Task requirements: Transcribe the data exactly, omitting whatever pictures it holds.

Entries provided:

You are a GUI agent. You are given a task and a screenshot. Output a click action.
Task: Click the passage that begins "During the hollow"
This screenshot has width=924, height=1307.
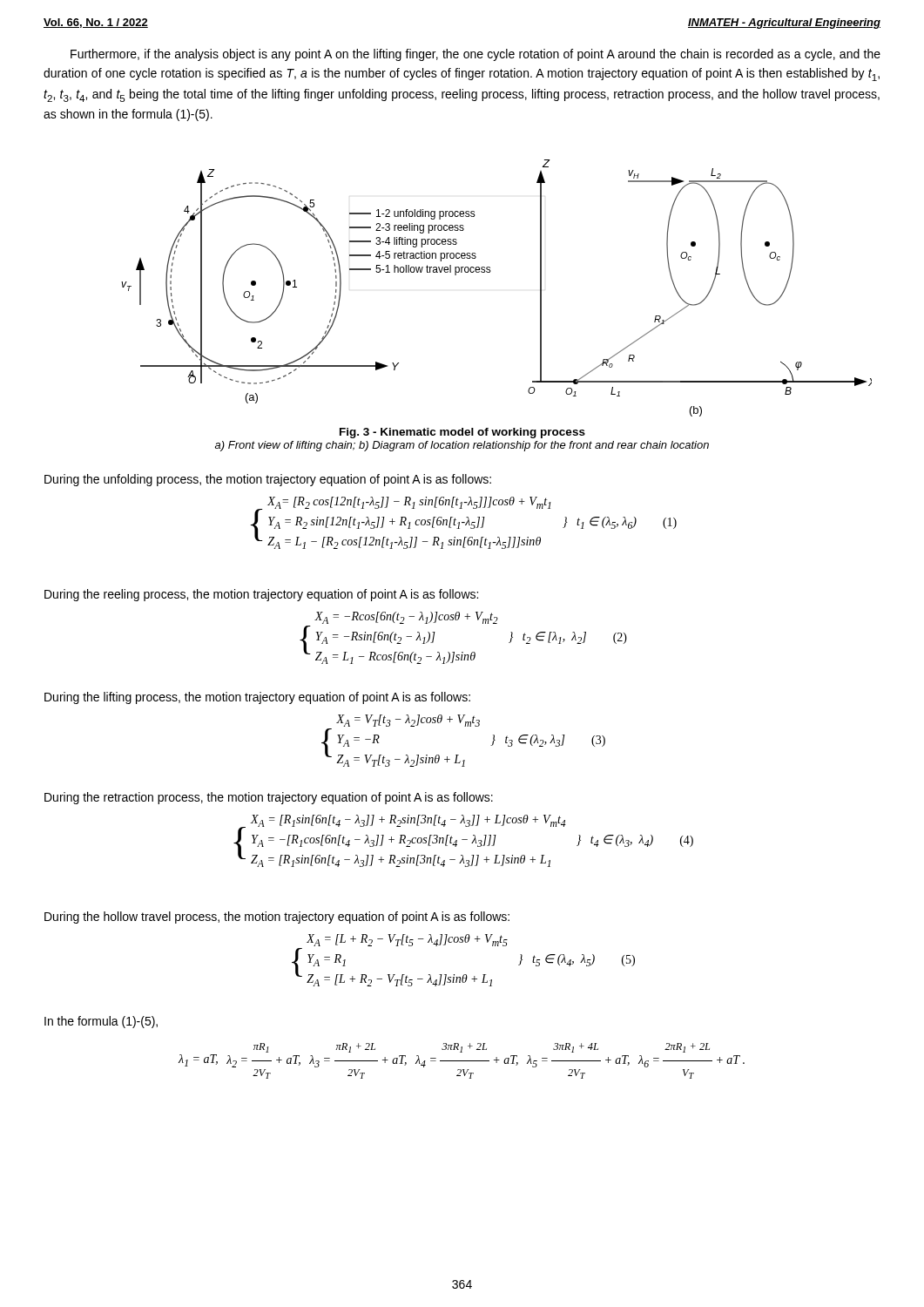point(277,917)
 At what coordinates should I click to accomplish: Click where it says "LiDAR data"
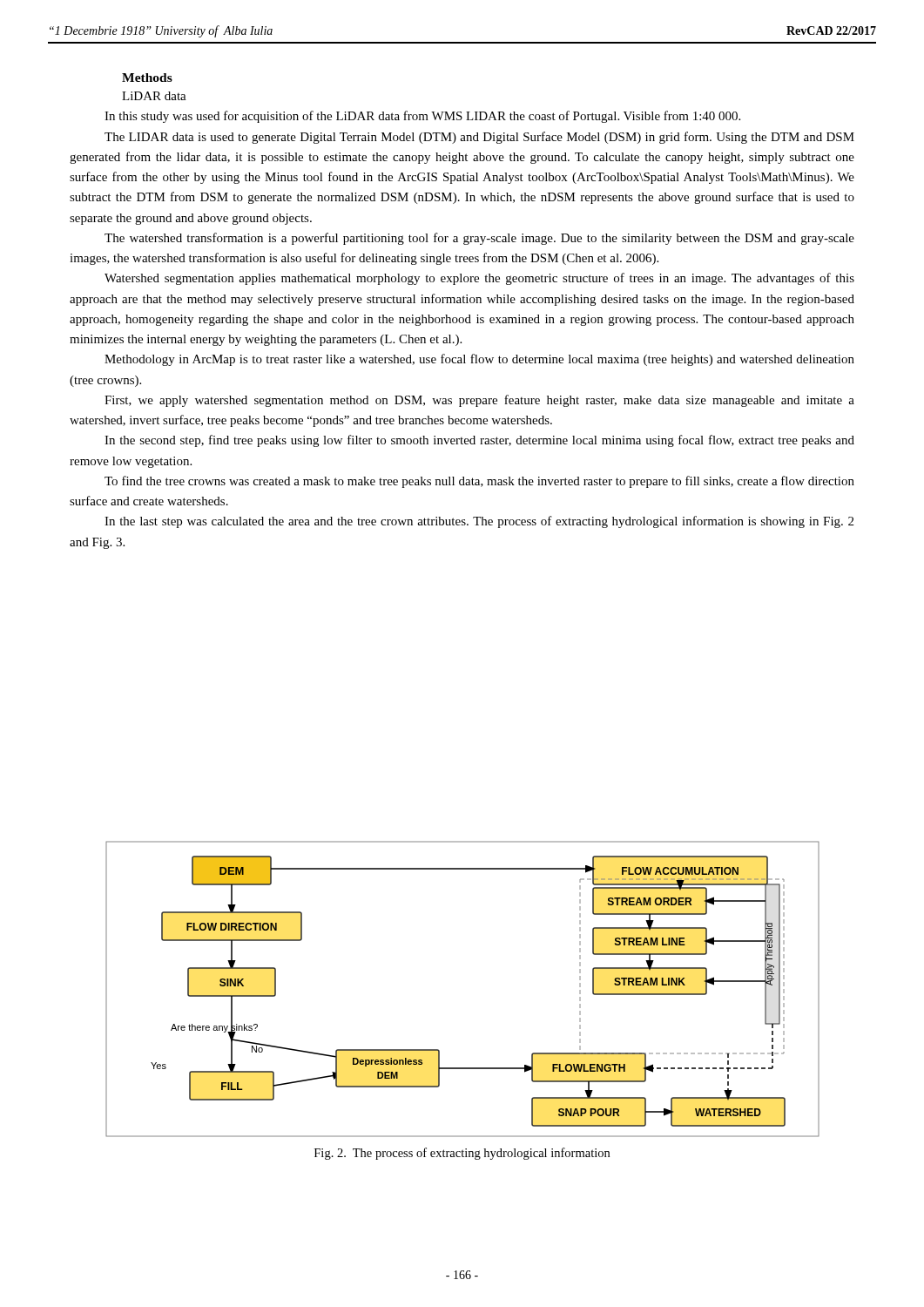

Task solution:
You are a GUI agent. You are given a task and a screenshot. Output a click action.
Task: Click the passage that begins "During the hollow"
This screenshot has width=924, height=1307.
point(277,917)
 At what coordinates should I click to accomplish: Click where it says "LiDAR data"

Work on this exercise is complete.